Given data Start Marker

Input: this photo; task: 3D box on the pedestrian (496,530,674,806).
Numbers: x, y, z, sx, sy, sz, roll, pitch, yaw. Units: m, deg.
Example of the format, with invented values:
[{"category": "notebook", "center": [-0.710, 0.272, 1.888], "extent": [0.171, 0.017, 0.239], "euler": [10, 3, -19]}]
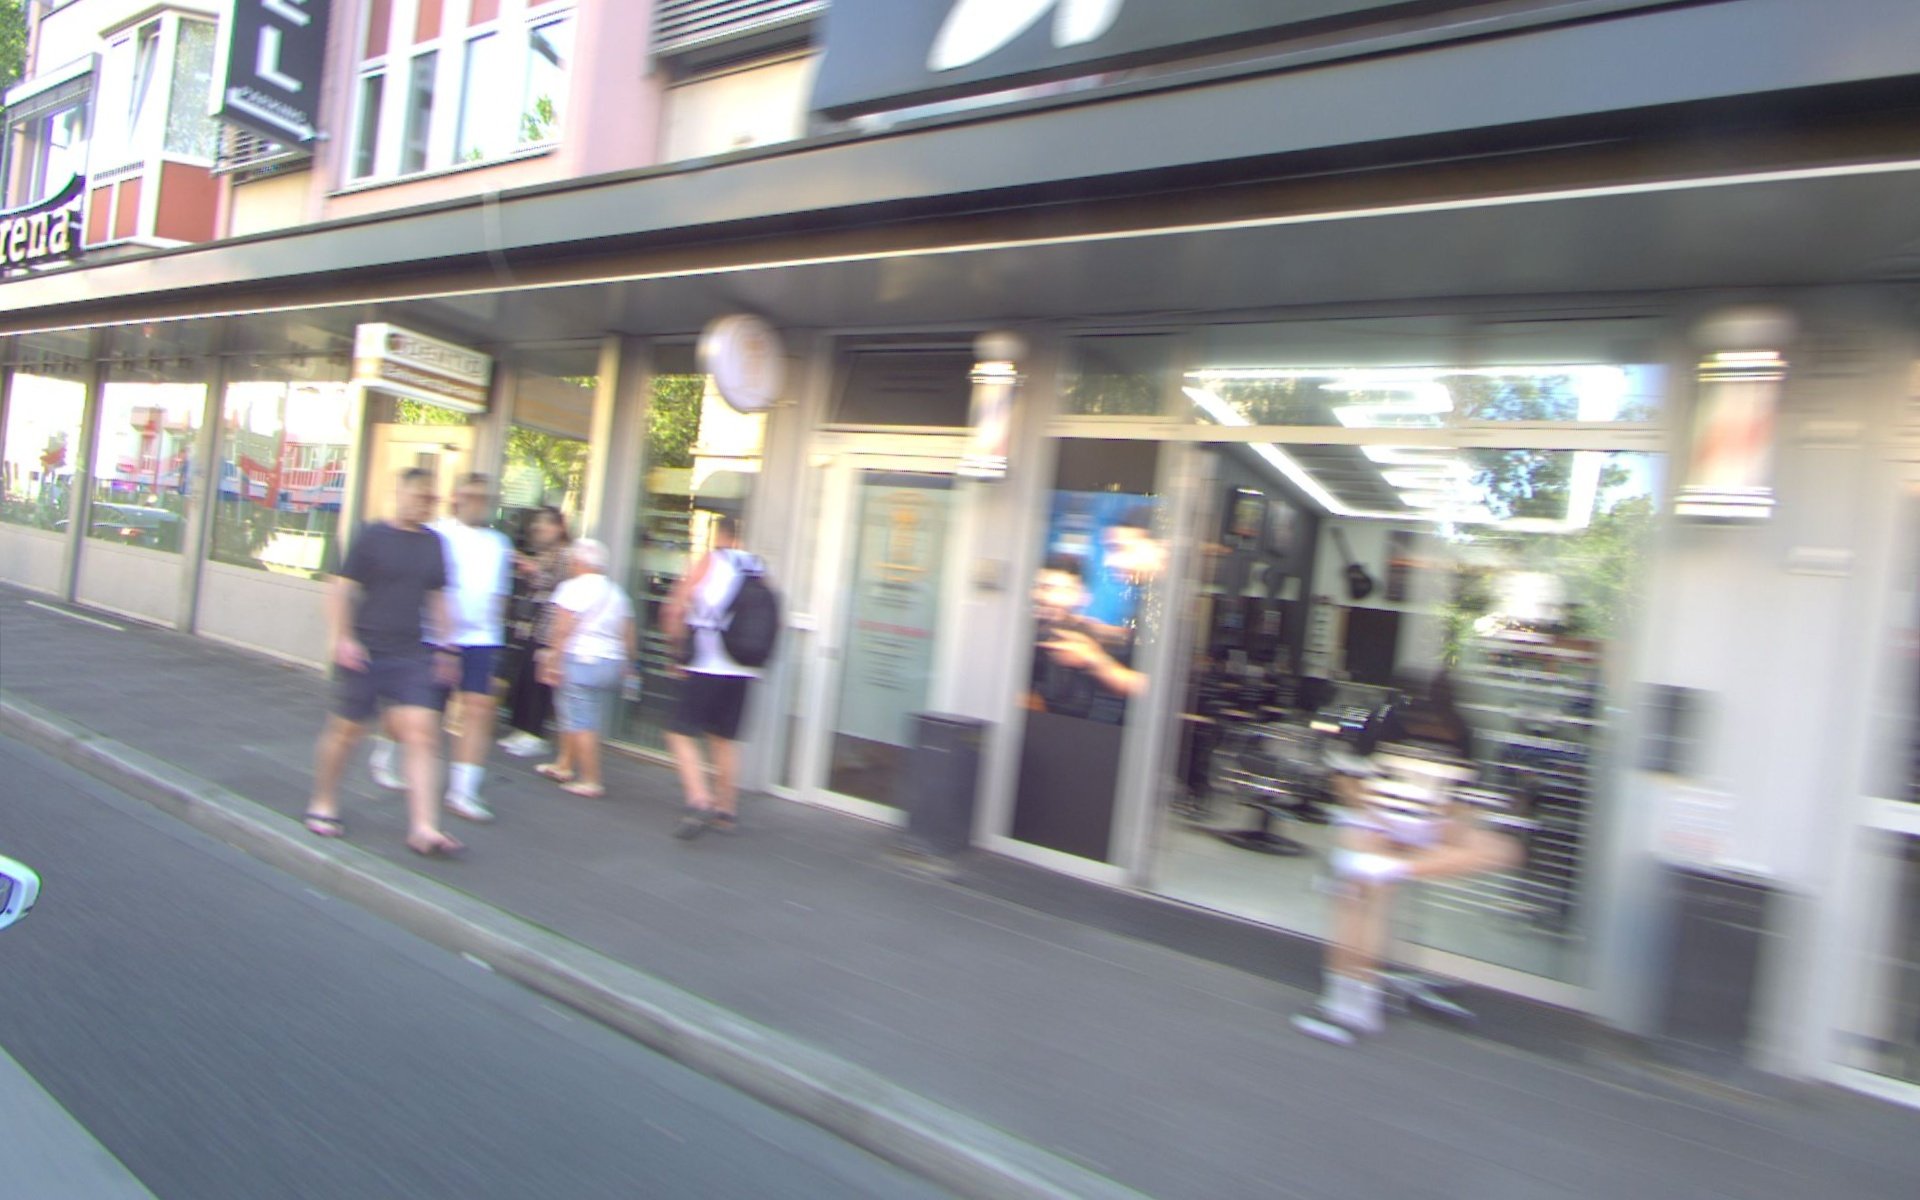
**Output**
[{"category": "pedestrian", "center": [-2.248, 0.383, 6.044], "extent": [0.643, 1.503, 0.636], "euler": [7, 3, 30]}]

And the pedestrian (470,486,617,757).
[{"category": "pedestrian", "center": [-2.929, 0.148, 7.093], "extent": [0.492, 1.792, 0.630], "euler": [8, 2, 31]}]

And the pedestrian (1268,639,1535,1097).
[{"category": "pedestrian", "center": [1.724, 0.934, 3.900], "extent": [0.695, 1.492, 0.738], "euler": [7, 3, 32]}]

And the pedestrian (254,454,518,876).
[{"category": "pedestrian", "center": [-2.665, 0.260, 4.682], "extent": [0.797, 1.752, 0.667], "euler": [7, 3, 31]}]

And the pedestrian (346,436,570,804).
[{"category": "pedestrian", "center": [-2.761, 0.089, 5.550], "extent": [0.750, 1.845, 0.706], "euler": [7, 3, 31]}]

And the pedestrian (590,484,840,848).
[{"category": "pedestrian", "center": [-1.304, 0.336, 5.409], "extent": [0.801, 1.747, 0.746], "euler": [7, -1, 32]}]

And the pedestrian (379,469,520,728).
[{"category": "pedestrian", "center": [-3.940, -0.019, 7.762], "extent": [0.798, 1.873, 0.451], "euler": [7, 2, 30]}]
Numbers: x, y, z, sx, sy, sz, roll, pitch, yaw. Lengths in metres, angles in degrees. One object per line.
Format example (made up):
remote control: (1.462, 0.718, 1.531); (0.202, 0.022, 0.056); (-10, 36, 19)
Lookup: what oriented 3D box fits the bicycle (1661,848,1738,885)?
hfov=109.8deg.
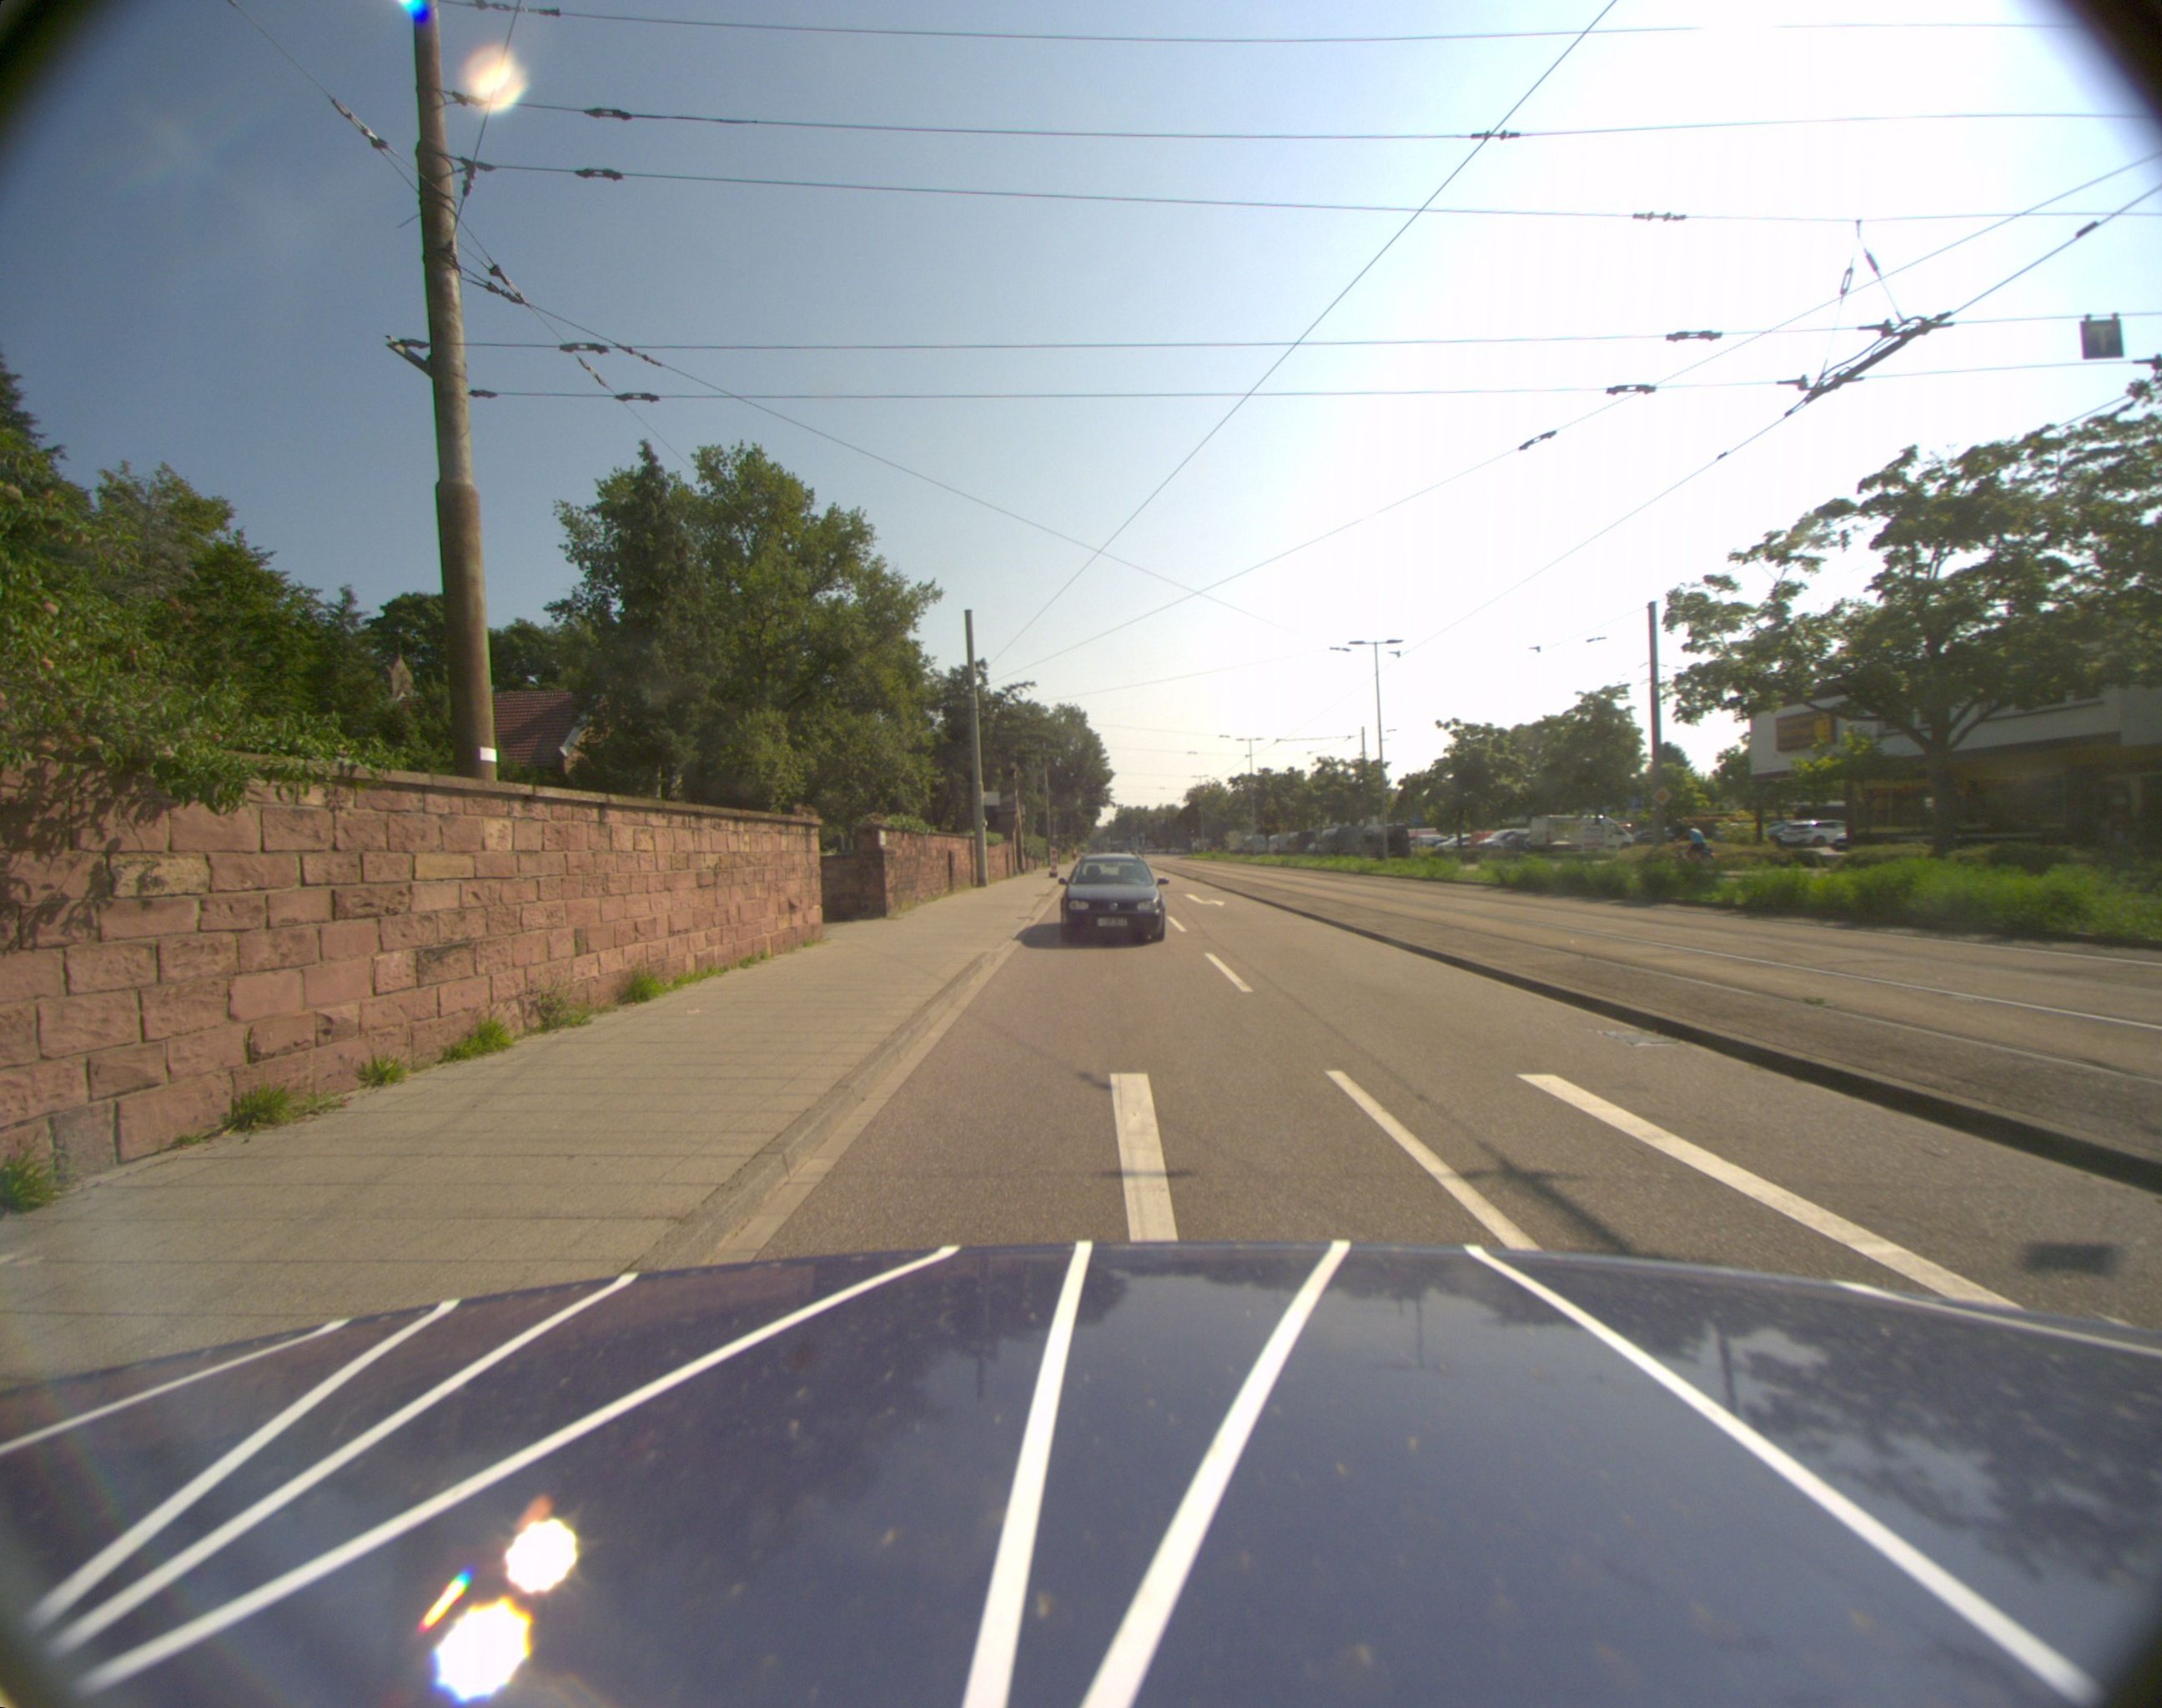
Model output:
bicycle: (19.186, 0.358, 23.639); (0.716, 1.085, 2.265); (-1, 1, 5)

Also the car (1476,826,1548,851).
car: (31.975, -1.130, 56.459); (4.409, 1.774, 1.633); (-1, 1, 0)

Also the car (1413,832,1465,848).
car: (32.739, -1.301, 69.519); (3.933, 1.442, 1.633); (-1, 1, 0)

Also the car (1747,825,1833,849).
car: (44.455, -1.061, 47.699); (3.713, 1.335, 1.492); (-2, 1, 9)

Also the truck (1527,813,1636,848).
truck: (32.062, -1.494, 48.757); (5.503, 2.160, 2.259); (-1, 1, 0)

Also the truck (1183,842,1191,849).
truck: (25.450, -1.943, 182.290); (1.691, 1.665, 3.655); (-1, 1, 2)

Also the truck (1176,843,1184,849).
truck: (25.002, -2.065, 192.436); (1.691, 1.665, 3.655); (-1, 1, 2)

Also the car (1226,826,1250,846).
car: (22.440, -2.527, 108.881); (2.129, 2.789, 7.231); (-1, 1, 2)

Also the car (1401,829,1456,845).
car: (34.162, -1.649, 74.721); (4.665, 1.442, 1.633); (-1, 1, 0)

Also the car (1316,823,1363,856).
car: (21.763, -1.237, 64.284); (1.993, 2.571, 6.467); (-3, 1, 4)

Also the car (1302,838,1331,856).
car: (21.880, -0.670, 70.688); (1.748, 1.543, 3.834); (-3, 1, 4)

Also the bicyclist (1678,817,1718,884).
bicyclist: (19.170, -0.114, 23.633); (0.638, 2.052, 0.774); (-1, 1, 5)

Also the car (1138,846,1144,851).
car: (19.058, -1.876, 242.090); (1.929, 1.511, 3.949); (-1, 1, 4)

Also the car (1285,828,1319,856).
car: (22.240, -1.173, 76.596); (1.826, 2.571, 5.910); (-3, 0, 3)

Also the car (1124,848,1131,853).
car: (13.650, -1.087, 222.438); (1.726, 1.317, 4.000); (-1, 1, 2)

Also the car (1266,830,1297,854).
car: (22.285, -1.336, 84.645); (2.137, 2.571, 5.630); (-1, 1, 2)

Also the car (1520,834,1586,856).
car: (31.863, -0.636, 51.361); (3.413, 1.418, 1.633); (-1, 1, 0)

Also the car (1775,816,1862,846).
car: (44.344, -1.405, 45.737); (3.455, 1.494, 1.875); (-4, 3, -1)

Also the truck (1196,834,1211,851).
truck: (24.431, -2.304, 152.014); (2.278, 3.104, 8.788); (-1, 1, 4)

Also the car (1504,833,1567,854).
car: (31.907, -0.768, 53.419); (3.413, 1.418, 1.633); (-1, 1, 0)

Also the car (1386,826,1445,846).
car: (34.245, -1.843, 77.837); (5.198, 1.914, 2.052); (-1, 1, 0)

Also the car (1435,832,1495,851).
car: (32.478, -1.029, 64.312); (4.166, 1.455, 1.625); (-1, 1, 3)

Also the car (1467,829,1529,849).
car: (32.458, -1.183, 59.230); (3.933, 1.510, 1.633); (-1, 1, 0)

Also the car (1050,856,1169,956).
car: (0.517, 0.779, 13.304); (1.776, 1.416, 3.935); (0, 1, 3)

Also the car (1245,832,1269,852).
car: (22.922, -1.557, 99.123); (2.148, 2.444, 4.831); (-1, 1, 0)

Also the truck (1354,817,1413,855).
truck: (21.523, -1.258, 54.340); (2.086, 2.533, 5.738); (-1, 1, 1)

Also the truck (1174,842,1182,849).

Given data End Marker

▶ _Requirement_
Everything in the entries above except the pictures should be given again exactly.

▶ _Response to the task_
Input: this photo; task: 3D box on the pedestrian (496,530,674,806).
Numbers: x, y, z, sx, sy, sz, roll, pitch, yaw. Units: m, deg.
Example of the format, with invented values:
[{"category": "notebook", "center": [-0.710, 0.272, 1.888], "extent": [0.171, 0.017, 0.239], "euler": [10, 3, -19]}]
**Output**
[{"category": "pedestrian", "center": [-2.248, 0.383, 6.044], "extent": [0.643, 1.503, 0.636], "euler": [7, 3, 30]}]

And the pedestrian (470,486,617,757).
[{"category": "pedestrian", "center": [-2.929, 0.148, 7.093], "extent": [0.492, 1.792, 0.630], "euler": [8, 2, 31]}]

And the pedestrian (1268,639,1535,1097).
[{"category": "pedestrian", "center": [1.724, 0.934, 3.900], "extent": [0.695, 1.492, 0.738], "euler": [7, 3, 32]}]

And the pedestrian (254,454,518,876).
[{"category": "pedestrian", "center": [-2.665, 0.260, 4.682], "extent": [0.797, 1.752, 0.667], "euler": [7, 3, 31]}]

And the pedestrian (346,436,570,804).
[{"category": "pedestrian", "center": [-2.761, 0.089, 5.550], "extent": [0.750, 1.845, 0.706], "euler": [7, 3, 31]}]

And the pedestrian (590,484,840,848).
[{"category": "pedestrian", "center": [-1.304, 0.336, 5.409], "extent": [0.801, 1.747, 0.746], "euler": [7, -1, 32]}]

And the pedestrian (379,469,520,728).
[{"category": "pedestrian", "center": [-3.940, -0.019, 7.762], "extent": [0.798, 1.873, 0.451], "euler": [7, 2, 30]}]
Numbers: x, y, z, sx, sy, sz, roll, pitch, yaw. Lengths in metres, angles in degrees. One object per line.
Format example (made up):
remote control: (1.462, 0.718, 1.531); (0.202, 0.022, 0.056); (-10, 36, 19)
Lookup: what oriented 3D box fits the bicycle (1661,848,1738,885)?
hfov=109.8deg.
Model output:
bicycle: (19.186, 0.358, 23.639); (0.716, 1.085, 2.265); (-1, 1, 5)

Also the car (1476,826,1548,851).
car: (31.975, -1.130, 56.459); (4.409, 1.774, 1.633); (-1, 1, 0)

Also the car (1413,832,1465,848).
car: (32.739, -1.301, 69.519); (3.933, 1.442, 1.633); (-1, 1, 0)

Also the car (1747,825,1833,849).
car: (44.455, -1.061, 47.699); (3.713, 1.335, 1.492); (-2, 1, 9)

Also the truck (1527,813,1636,848).
truck: (32.062, -1.494, 48.757); (5.503, 2.160, 2.259); (-1, 1, 0)

Also the truck (1183,842,1191,849).
truck: (25.450, -1.943, 182.290); (1.691, 1.665, 3.655); (-1, 1, 2)

Also the truck (1176,843,1184,849).
truck: (25.002, -2.065, 192.436); (1.691, 1.665, 3.655); (-1, 1, 2)

Also the car (1226,826,1250,846).
car: (22.440, -2.527, 108.881); (2.129, 2.789, 7.231); (-1, 1, 2)

Also the car (1401,829,1456,845).
car: (34.162, -1.649, 74.721); (4.665, 1.442, 1.633); (-1, 1, 0)

Also the car (1316,823,1363,856).
car: (21.763, -1.237, 64.284); (1.993, 2.571, 6.467); (-3, 1, 4)

Also the car (1302,838,1331,856).
car: (21.880, -0.670, 70.688); (1.748, 1.543, 3.834); (-3, 1, 4)

Also the bicyclist (1678,817,1718,884).
bicyclist: (19.170, -0.114, 23.633); (0.638, 2.052, 0.774); (-1, 1, 5)

Also the car (1138,846,1144,851).
car: (19.058, -1.876, 242.090); (1.929, 1.511, 3.949); (-1, 1, 4)

Also the car (1285,828,1319,856).
car: (22.240, -1.173, 76.596); (1.826, 2.571, 5.910); (-3, 0, 3)

Also the car (1124,848,1131,853).
car: (13.650, -1.087, 222.438); (1.726, 1.317, 4.000); (-1, 1, 2)

Also the car (1266,830,1297,854).
car: (22.285, -1.336, 84.645); (2.137, 2.571, 5.630); (-1, 1, 2)

Also the car (1520,834,1586,856).
car: (31.863, -0.636, 51.361); (3.413, 1.418, 1.633); (-1, 1, 0)

Also the car (1775,816,1862,846).
car: (44.344, -1.405, 45.737); (3.455, 1.494, 1.875); (-4, 3, -1)

Also the truck (1196,834,1211,851).
truck: (24.431, -2.304, 152.014); (2.278, 3.104, 8.788); (-1, 1, 4)

Also the car (1504,833,1567,854).
car: (31.907, -0.768, 53.419); (3.413, 1.418, 1.633); (-1, 1, 0)

Also the car (1386,826,1445,846).
car: (34.245, -1.843, 77.837); (5.198, 1.914, 2.052); (-1, 1, 0)

Also the car (1435,832,1495,851).
car: (32.478, -1.029, 64.312); (4.166, 1.455, 1.625); (-1, 1, 3)

Also the car (1467,829,1529,849).
car: (32.458, -1.183, 59.230); (3.933, 1.510, 1.633); (-1, 1, 0)

Also the car (1050,856,1169,956).
car: (0.517, 0.779, 13.304); (1.776, 1.416, 3.935); (0, 1, 3)

Also the car (1245,832,1269,852).
car: (22.922, -1.557, 99.123); (2.148, 2.444, 4.831); (-1, 1, 0)

Also the truck (1354,817,1413,855).
truck: (21.523, -1.258, 54.340); (2.086, 2.533, 5.738); (-1, 1, 1)

Also the truck (1174,842,1182,849).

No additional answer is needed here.